‘Com a doença indo embora, o lobo-guará vai se aposentar’, afirma Guedes sobre fim da nota de R$ 200

Lançada há menos de dois meses, a nota de R$ 200 deve ser retirada de circulação ao fim da crise causada pelo novo coronavírus, afirmou o ministro da Economia, Paulo Guedes, nesta quinta-feira, 29. Em explicação na comissão mista do Congresso que debate as ações do governo no combate a Covid-19, o chefe da equipe econômica firmou que o “com a doença indo embora, o lobo-guará vai se aposentar”, fazendo alusão ao espécime da fauna brasileira que estampa a nota mais valiosa da família do real. “Essa nota grande foi inventada porque tínhamos um problema logístico de pagar as pessoas. As pessoas mais simples não tinham acesso as ferramentas digitais”. Segundo o ministro, a tendência em todo o mundo é o lançamento de notas menores para dificultar ações criminosas, e que o Brasil está modernizando os seus sistemas de pagamento com o lançamento do PIX, a ferramenta para transferência digital do Banco Central. “Com o Pix, o futuro é menos dinheiro na mão e notas mais simples. No futuro vai acabar o lobo-guará, a nota de R$ 200, de R$ 100”.
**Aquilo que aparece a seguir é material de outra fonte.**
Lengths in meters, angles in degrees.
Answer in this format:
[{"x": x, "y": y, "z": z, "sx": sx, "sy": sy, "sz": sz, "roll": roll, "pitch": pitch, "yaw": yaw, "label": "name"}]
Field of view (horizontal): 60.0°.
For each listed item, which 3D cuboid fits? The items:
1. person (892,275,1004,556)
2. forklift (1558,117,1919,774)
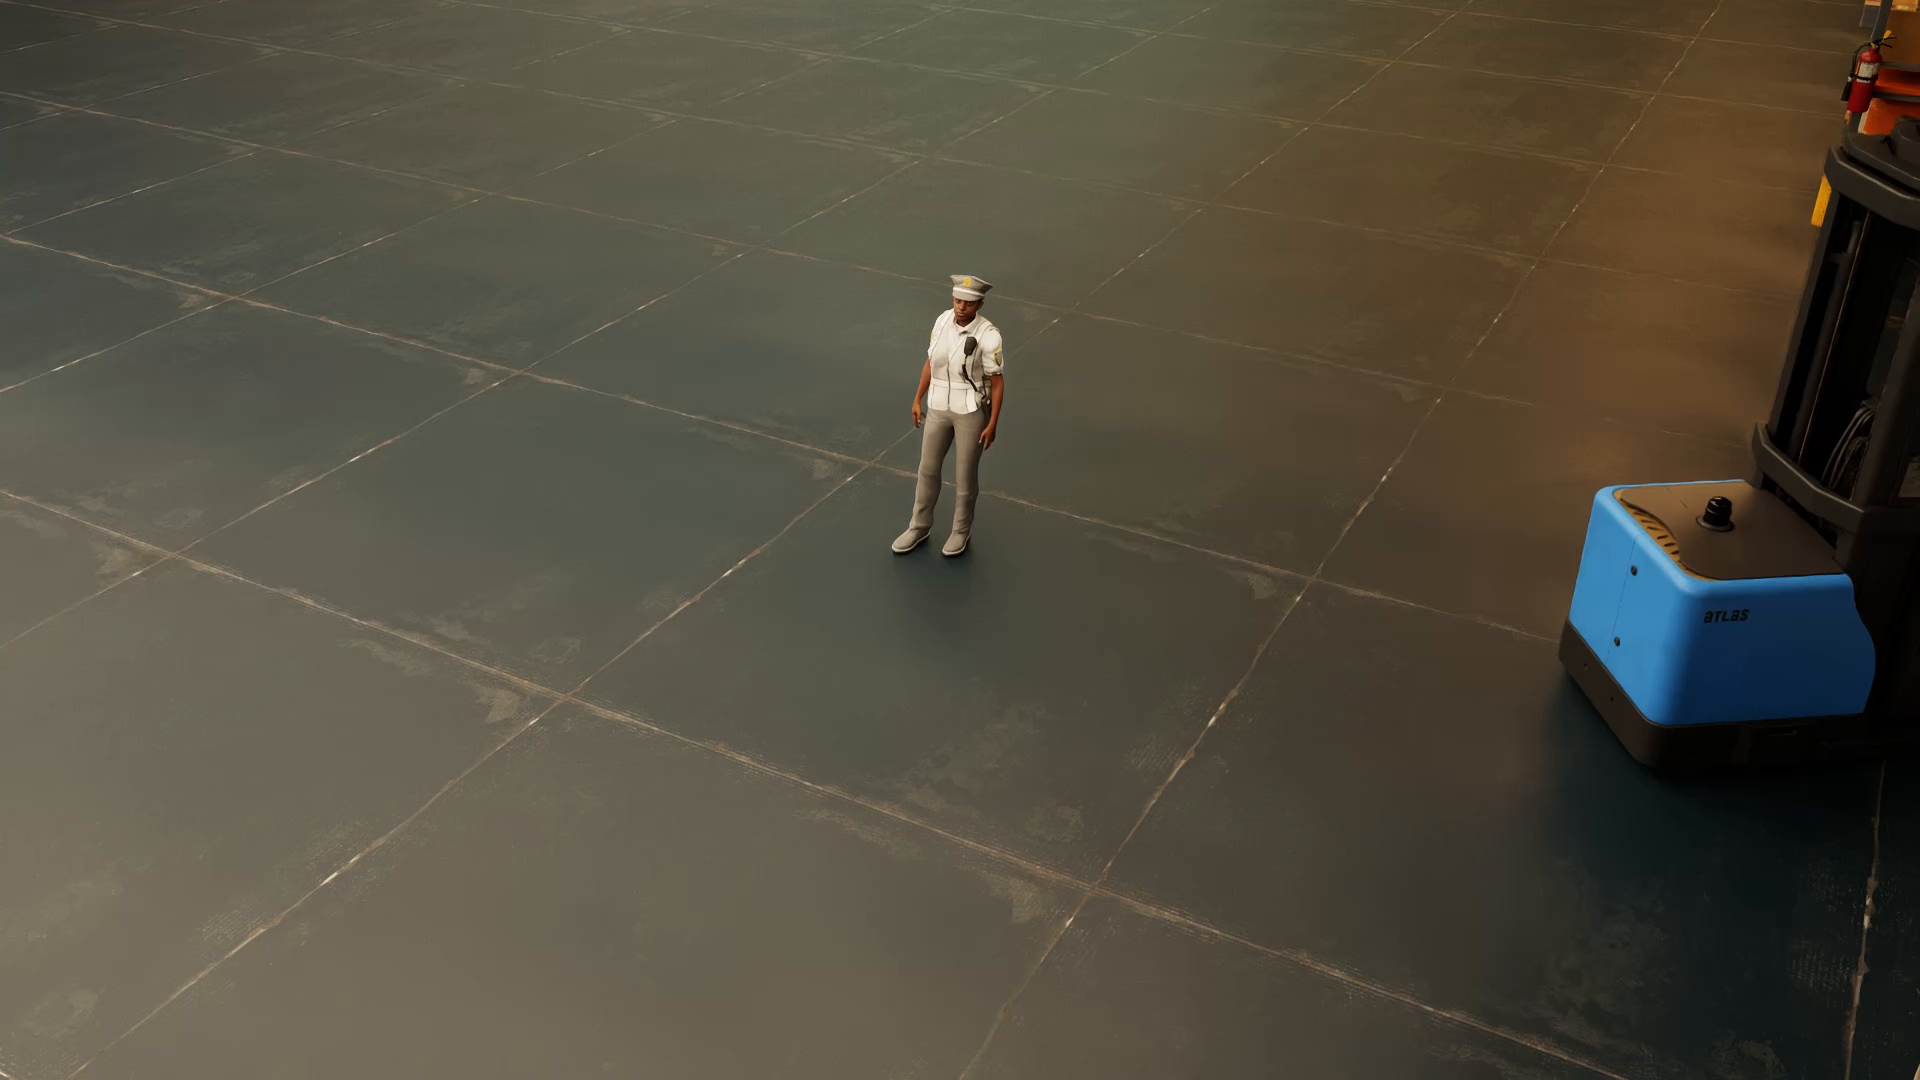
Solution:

A cédula de R$ 200 começou a circular em 2 de janeiro. Segundo a Casa da Moeda, seriam produzidas 450 milhões de unidades, totalizando R$ 90 bilhões em valores, até dezembro. O BC investirá R$ 113 milhões na fabricação da nova nota até o fim do ano. A cédula com valor mais alto foi lançada para garantir a distribuição de dinheiro por causa do crescimento da demanda em meio à pandemia do novo coronavírus. Segundo o Banco Central, havia a possibilidade de faltar notas com a liberação do auxílio emergencial e a falta de circulação de valores por conta do fechamento do comércio em meio à pandemia.

A nova cédula de R$ 200 apresenta as mesmas características das outras nota da família do real, como marca d’água, partes em relevo e mudança de cor do numeral dependendo do posicionamento da nota. O exemplar de R$ de 200 tem o mesmo tamanho da nota de R$ 20. O lobo-guará foi o terceiro colocado em uma pesquisa pública realizada pelo BC em 2001 para escolher novos animais para as notas brasileiras. À época, a tartaruga marinha venceu a disputa e passou a estampar as notas de R$ 2, o mico-leão-dourado ficou na segunda colocação e foi escalado para representar a nota de R$ 20. Esta é a sétima nota da família do real desde a criação do plano, em 1994, e a primeira a ser lançada nos último 18 anos — a última foi a nota de R$ 20, em 2002. Um ano antes, o Banco Central lançou a cédula de R$ 2, e em 2005 tirou de circulação as notas de R$ 1. O BC ainda lançou em 24 de abril de 2000 uma versão em plástico da nota de R$ 10, em comemoração aos 500 anos da chegada dos portugueses ao Brasil. A cédula começou a ser retirada de circulação a partir de 2006.